I bought some Kreg locking casters and was very pleased with them. They are quite heavy duty too and can take a much higher load, though you may not need it. I made a custom stand for a 15" heavy duty planer that probably weighs 400 or 500 lbs. I was pleased that they came with nice flange nuts to mount them and as I recall they locked firmly in position without play-but I don't have my table where I am at til October to double check. I think they were around 52.00 for the set. I know Rockler sells them, and I think they were on Amazon too, I believe Grizzly has, so shop around if interested to get the best price with shipping. I bought another set for a router table I have yet to make and figure if I ever need some heavy casters I can steal those and replace with some of the lighter duty ones mentioned here, but for the difference if it's close to what it cost when I bought them, I would go with the kregs for that table too. Highest quality, and they have a 1/2 " threaded mounting and it comes with the nuts so nothing more to hunt down. First class.

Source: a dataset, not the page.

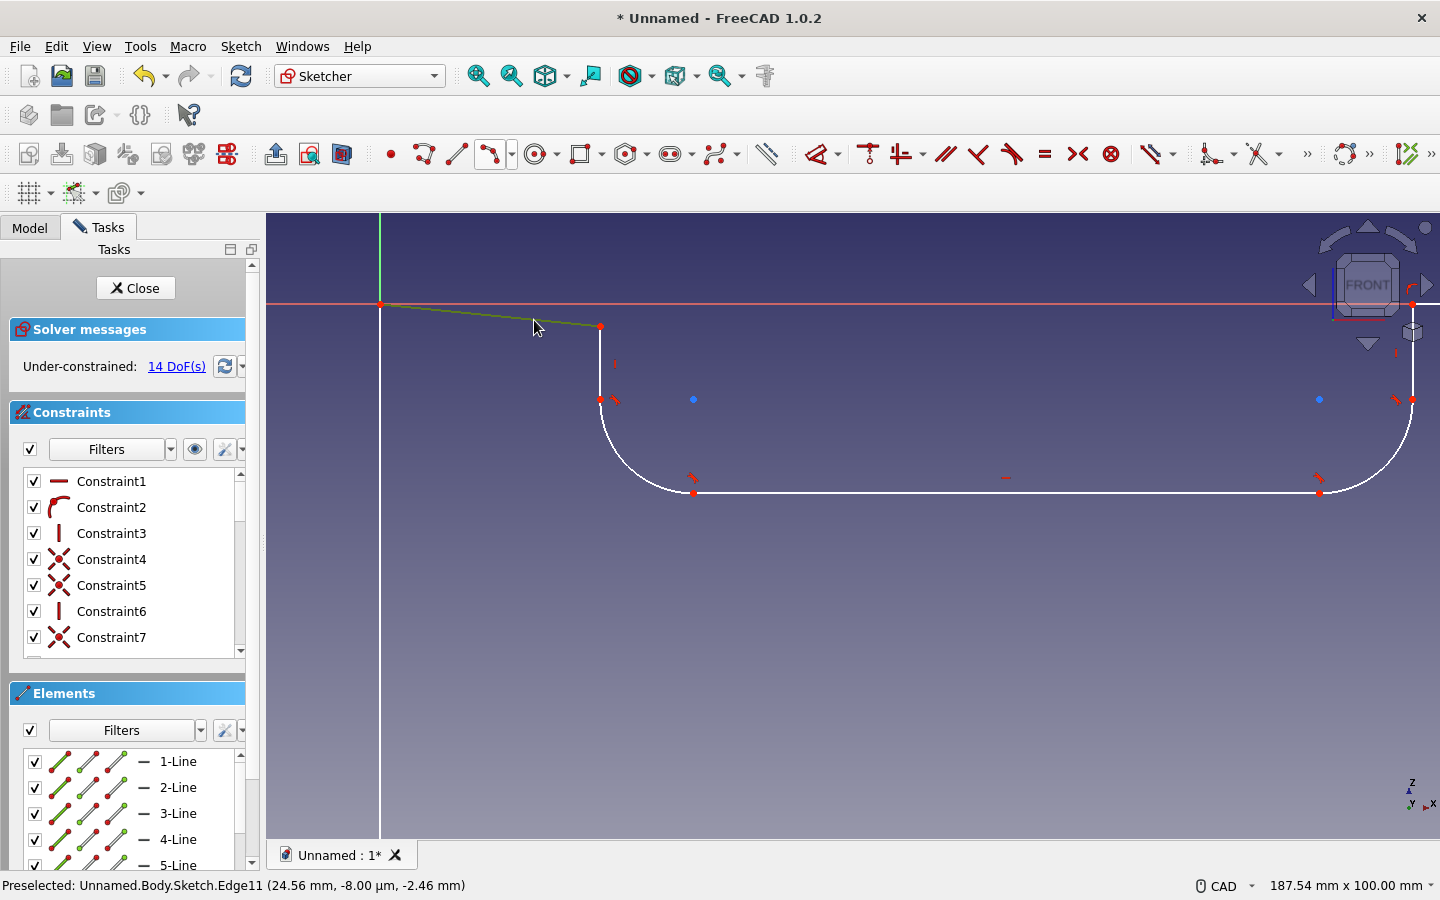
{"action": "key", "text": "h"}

So consider those in your quest too.


----------



## plunger (Jun 21, 2013)

BIGROMO said:


> I bought some Kreg locking casters and was very pleased with them. They are quite heavy duty too and can take a much higher load, though you may not need it. I made a custom stand for a 15" heavy duty planer that probably weighs 400 or 500 lbs. I was pleased that they came with nice flange nuts to mount them and as I recall they locked firmly in position without play-but I don't have my table where I am at til October to double check. I think they were around 52.00 for the set. I know Rockler sells them, and I think they were on Amazon too, I believe Grizzly has, so shop around if interested to get the best price with shipping. I bought another set for a router table I have yet to make and figure if I ever need some heavy casters I can steal those and replace with some of the lighter duty ones mentioned here, but for the difference if it's close to what it cost when I bought them, I would go with the kregs for that table too. Highest quality, and they have a 1/2 " threaded mounting and it comes with the nuts so nothing more to hunt down. First class.
> 
> So consider those in your quest too.



I had considered the Kreg casters, but wasn't sure how to attach them using the bolts. My cabinets have plywood bases.

Also, from pictures of the Kreg casters it looks like the actual lock is about as high as the top of the mounting flange. Would it hit a plywood base as it spins around? I'm wondering if there's enough clearance to spin around when unlocked. For leg-based installations there's no clearance issues.


----------



## MAFoElffen (Jun 8, 2012)

Like I was hinting at, what most people think about when you think about a mobile kit for equipment is casters that come down when you need to move and riase up so that the equipment sits on it's own feet when you are through using it. This was type of casters was discussed here about a year ago:








Workbench Caster Kit 4 Pack - Bench Castor Wheels - Amazon.com








http://www.amazon.com/WoodRiver-141...se_s_cp_3?ie=UTF8&refRID=03KNYHKM6TRAD52ABQ4E
(Various versions of these that work the same, as Rockler, Wood River and Woodtek...)

What I've learned since then is that for Information Technology (computer server racks), there's another, more elegant, easier to use version of this that is about the same price... and is a lot higher capacity (2200 lb capacity).








https://www.cdw.com/shop/products/T...lling-Caster-Kit-2200lb-Capacity/1619482.aspx


----------



## john60 (Aug 30, 2014)

I have used the 3 inch harbor Freight casters with wheel lock only. For my planer stand I used two fixed and two locking. Locking on infeed end. With both locked I have not had an issue

For my radial arm saw I have four wheel lock swivels. When I lock the two front one I have not had any issue


----------